Secondly, Merck is relying on cancer immunotherapy Keytruda to deliver sustainable growth for the next decade and beyond. Immunotherapies work by turning off the immunosuppressant quality of cancer, thus making it easier for your immune system to detect and attack these foreign cells. Keytruda is currently approved for BRAF V600 mutation-positive metastatic melanoma patients and advanced non-small cell lung cancer patients who've progressed on prior therapies and whose tumors express high levels of PD-L1. Merck's management team noted in its Q3 conference call that Keytruda possesses approximately 70% of the high PD-L1-expressing market share in metastatic melanoma, and its response rate in high-expressing PD-L1 patients in advanced NSCLC blew the old standard of care out of the water.
Finally, we have Merck's developing hepatitis C program, which is highlighted by its cocktail combination of grazoprevir and elbasvir. Merck's once-daily cocktail drug could become the first once-daily pill to give Gilead Sciences' Harvoni a realistic competitive challenge. Similar to Harvoni, Merck's combo therapy has delivered sustained virologic response rates of 90% or higher in clinical studies. Furthermore, a new cocktail comprised of grazoprevir, MK-3682, and a new version of elbasvir (MK-8408) generated a 91% cure rate in genotypes 1, 2, and 3 in just eight weeks. The HCV market is huge, and Merck looks as if it'll soon have its slice of the pie.
The biggest question mark
Arguably the only thing that could stand in the way of Merck raising its payout in 2016 would be weakness in Januvia. "What might cause Januvia to struggle" you wonder? Look no further than the emergence of SGLT2 inhibitors.
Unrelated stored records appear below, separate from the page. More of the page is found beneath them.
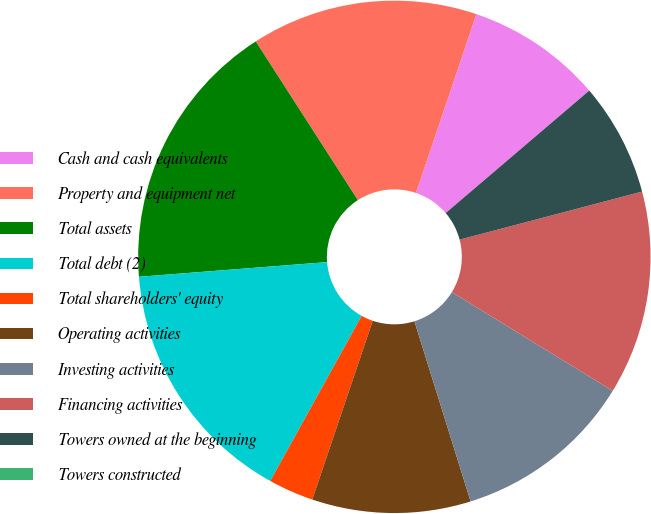Convert chart. <chart><loc_0><loc_0><loc_500><loc_500><pie_chart><fcel>Cash and cash equivalents<fcel>Property and equipment net<fcel>Total assets<fcel>Total debt (2)<fcel>Total shareholders' equity<fcel>Operating activities<fcel>Investing activities<fcel>Financing activities<fcel>Towers owned at the beginning<fcel>Towers constructed<nl><fcel>8.57%<fcel>14.29%<fcel>17.14%<fcel>15.71%<fcel>2.86%<fcel>10.0%<fcel>11.43%<fcel>12.86%<fcel>7.14%<fcel>0.0%<nl></chart> 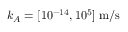<formula> <loc_0><loc_0><loc_500><loc_500>k _ { A } = [ 1 0 ^ { - 1 4 } , 1 0 ^ { 5 } ] \, m / s</formula> 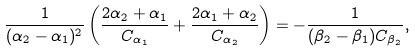<formula> <loc_0><loc_0><loc_500><loc_500>\frac { 1 } { ( \alpha _ { 2 } - \alpha _ { 1 } ) ^ { 2 } } \left ( \frac { 2 \alpha _ { 2 } + \alpha _ { 1 } } { C _ { \alpha _ { 1 } } } + \frac { 2 \alpha _ { 1 } + \alpha _ { 2 } } { C _ { \alpha _ { 2 } } } \right ) = - \frac { 1 } { ( \beta _ { 2 } - \beta _ { 1 } ) C _ { \beta _ { 2 } } } ,</formula> 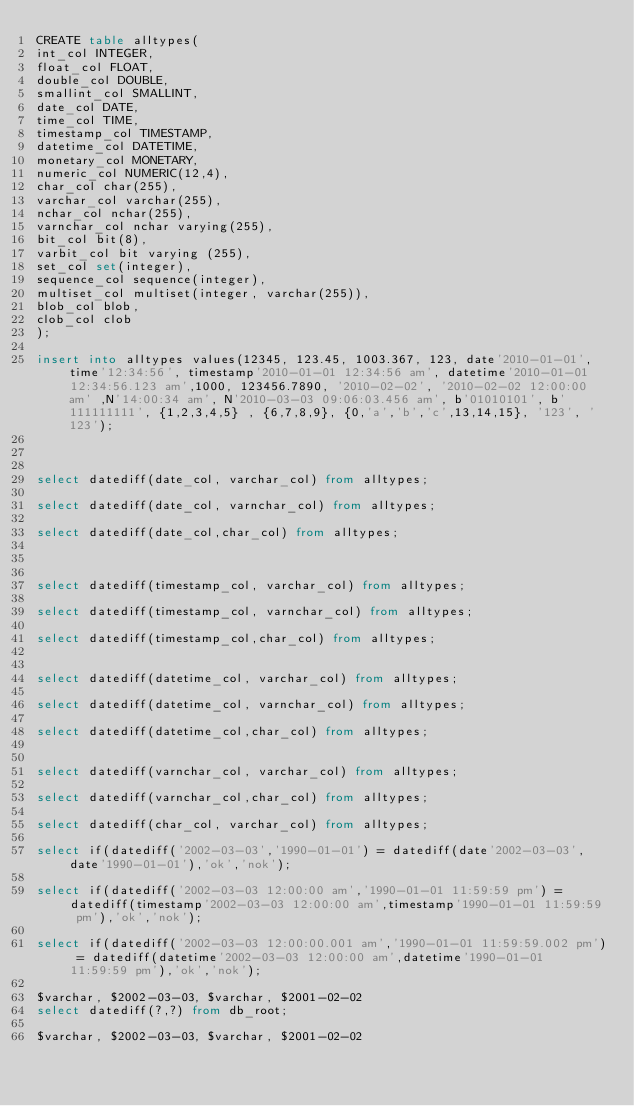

Unlike traditional type 2 diabetes standards of care, which work in the pancreas and liver, SGLT2 inhibitors block the absorption of glucose in the kidneys, allowing patients to excrete excess glucose through their urine. Aside from providing improved glycemic balance, SGLT2 inhibitors also led to lowered systolic blood pressure and weight loss.
The SGLT2 inhibitor with DPP-4-killing capacity worth watching is Eli Lilly's (NYSE:LLY) and Boehringer Ingelheim's Jardiance. The reason Jardiance could prove a threat to Januvia has to do with the results of its long-term cardiovascular outcomes study, known as EMPA REG OUTCOME. In August, Eli Lilly and Boehringer Ingelheim announced that Jardiance proved superior to the current standard of care in terms of reducing the risk of death. In September Eli Lilly and Boehringer offered more precise data, showing that Jardiance reduced the risk of death by 32% for patients taking the drug. With no other diabetes drug demonstrating this previously, it's possible Jardiance siphons sales away from Januvia in the coming years.
Should Merck be on your buy radar?
Now to answer the most important question of all: should Merck be on your buy radar in 2016?
The potential for Merck to grow its dividend definitely makes it an attractive company worth considering for your investment or retirement portfolio. Further, the rapid growth of Keytruda and the steady growth in Januvia, even following the news on Jardiance, suggests that Merck's operational advance will continue for the time being. This isn't to say Merck is out of the woods completely when it comes to patent loss issues, but Singulair is no longer a concern, and Januvia is looking to be more of a complement than competitor to SGLT2 inhibitors, at least for the time being.
Investors looking to add a company with a handsome dividend, low volatility, and strong cash flow to their portfolio could do a lot worse than Merck.